Halliday & Matthiessen (1999: 527):
Interpersonal meaning is mapped onto ideational meaning at all points from the most micro to the most macro: from modality and speech function in the clause (or even features built into the morphology of the word, like the diminutives characteristic of many languages), to settings affecting the whole of a particular register, like the aura of power and distance that we associate with the language of bureaucracy. These are the various ways in which language functions as a mode of action; and these meanings, no less than the ideational ones, are brought into existence by the grammar.

Monday 4 April 2016

Interpersonal Meaning Enacting Social Relationships

Halliday & Matthiessen (1999: 527):
… and because human societies are inherently hierarchical, the interpersonal component of the grammar in many languages enacts networks of social relationships with varying degrees of inequality and of distance. Thus there may be regular lexicogrammatical variants used to maintain different alignments of speaker and listener, and even of third parties, on vectors of power and familiarity; such forms may be located at one point in each grammatical structure (for example in the endings of the verb) or dispersed prosodically throughout the wording of the clause.

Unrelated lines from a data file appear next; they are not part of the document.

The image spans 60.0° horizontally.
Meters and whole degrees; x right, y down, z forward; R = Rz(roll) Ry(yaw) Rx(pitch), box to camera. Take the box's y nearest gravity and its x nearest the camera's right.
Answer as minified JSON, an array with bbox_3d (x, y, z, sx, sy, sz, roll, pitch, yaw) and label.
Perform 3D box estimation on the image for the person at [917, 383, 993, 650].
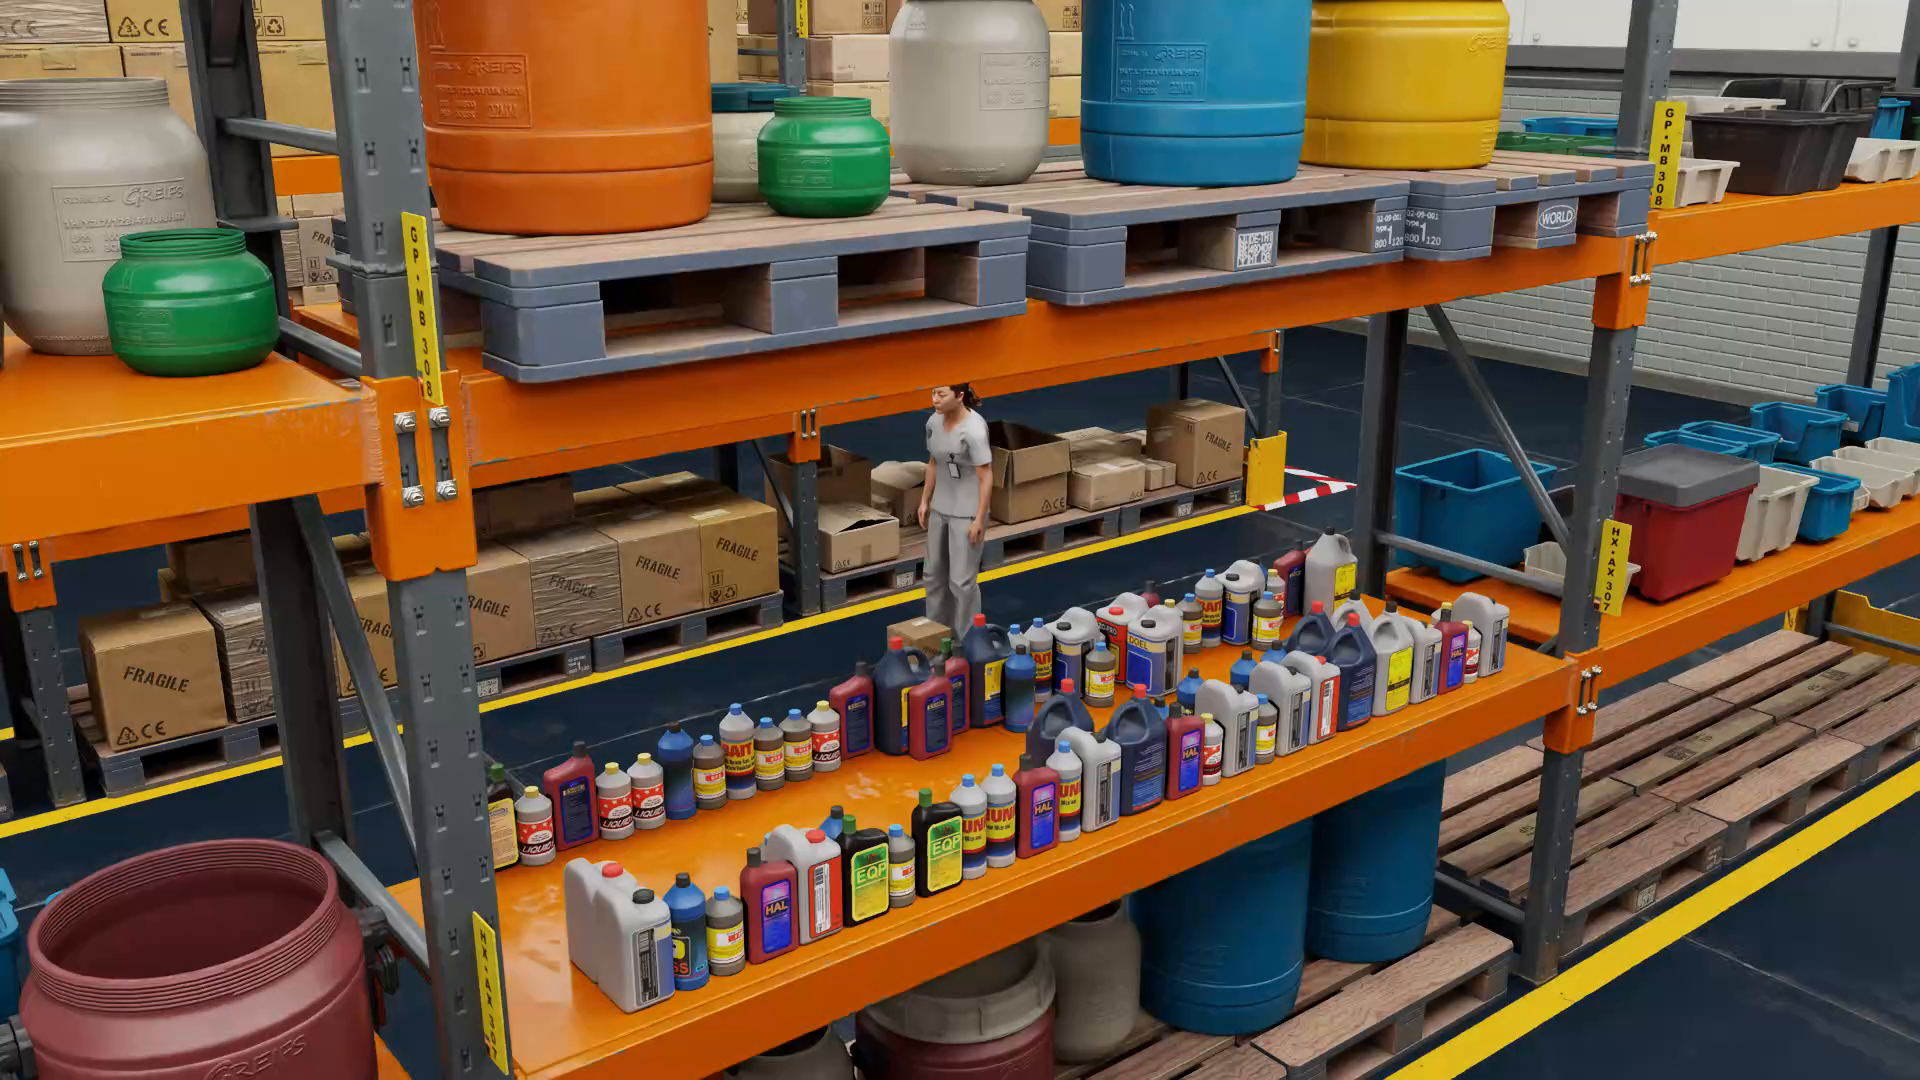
[{"bbox_3d":[-0.033,-0.134,8.971,0.358,1.673,0.513,-15,23,-39],"label":"person"}]
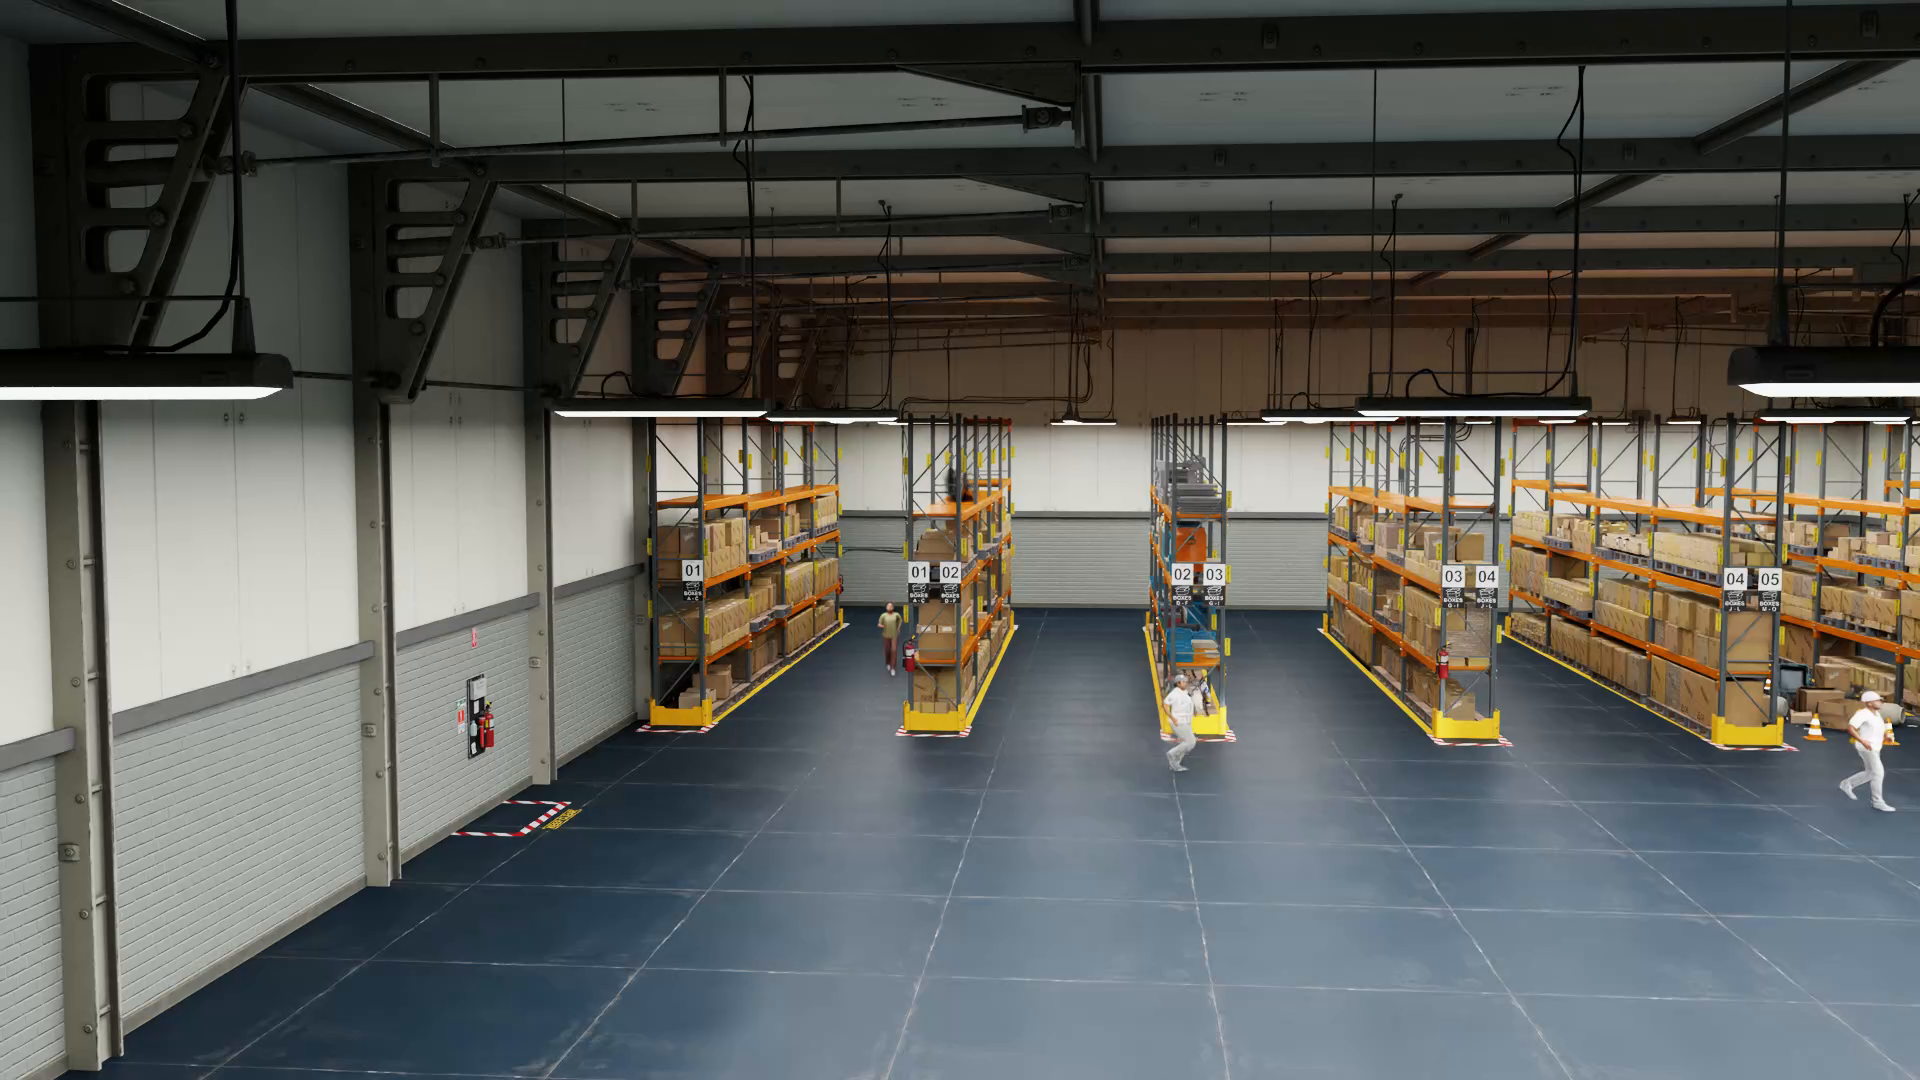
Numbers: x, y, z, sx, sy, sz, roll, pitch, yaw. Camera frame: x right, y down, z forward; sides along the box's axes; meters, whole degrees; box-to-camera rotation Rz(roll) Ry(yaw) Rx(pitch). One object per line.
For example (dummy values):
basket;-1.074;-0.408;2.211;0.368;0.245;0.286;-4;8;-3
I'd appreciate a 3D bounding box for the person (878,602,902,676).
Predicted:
person;-1.625;2.263;38.647;0.574;1.673;0.951;0;4;-4

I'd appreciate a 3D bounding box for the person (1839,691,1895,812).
person;13.678;3.156;25.059;0.706;1.767;0.826;-4;5;-44

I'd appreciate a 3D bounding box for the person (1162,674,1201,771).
person;3.723;3.051;27.670;0.559;1.607;0.604;2;4;28

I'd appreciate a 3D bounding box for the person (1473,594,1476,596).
person;13.759;1.998;44.080;0.607;1.604;0.843;0;4;-1

But even in a language such as English, where there are no such systematic speech styles institutionalised in the grammar, there is always some functional variation along these lines: we have no difficulty in recognising what are the more formal and what are the more informal variants among different samples of spoken and written discourse.

Sunday 3 April 2016

The Realisation Of Interpersonal Meaning In Grammatical Structure

Halliday & Matthiessen (1999: 527):
Unlike ideational meanings, which tend to be located at definable locations in the grammatical structure, interpersonal meanings tend to be strung throughout the discourse, by an accumulation of grammatical and lexical features or by other devices such as voice quality and intonation contours. This signals the fact that interpersonal meanings are more diffuse: they relate to the figure as a whole, rather than to one of its elements; or to a whole turn in the dialogue, or even to more extended passage of the discourse. Some particular interpersonal colouring may inform the whole of an individual speaker’s interaction with another person;

Saturday 2 April 2016

Other Kinds Of Interpersonal Meaning Constructed By The Grammar

Halliday & Matthiessen (1999: 527):
These include comments about how desirable or plausible or self-evident something is, expressions of attitude in referring to persons and objects, sets of words with similar experiential meaning but distinguished interpersonally by connotation (sometimes called “purr words” and “snarl words”) and numerous forms of personal address and reference (kinship terms, personal names, honorifics, endearments, insults and the like).

Friday 1 April 2016

Modulation: Obligation & Readiness (Inclination & Ability)

Halliday & Matthiessen (1999: 526):
Although these are derived from the sense of proposals (‘you are required / supposed / allowed; I am able / willing’), they are not restricted to clauses having these speech functions; obligation and readiness are construed by the grammar propositionally and hence are used freely with third persons. But they still represent the judgements of speaker or listener on the obligations or inclinations involved (he ought to help, she will help).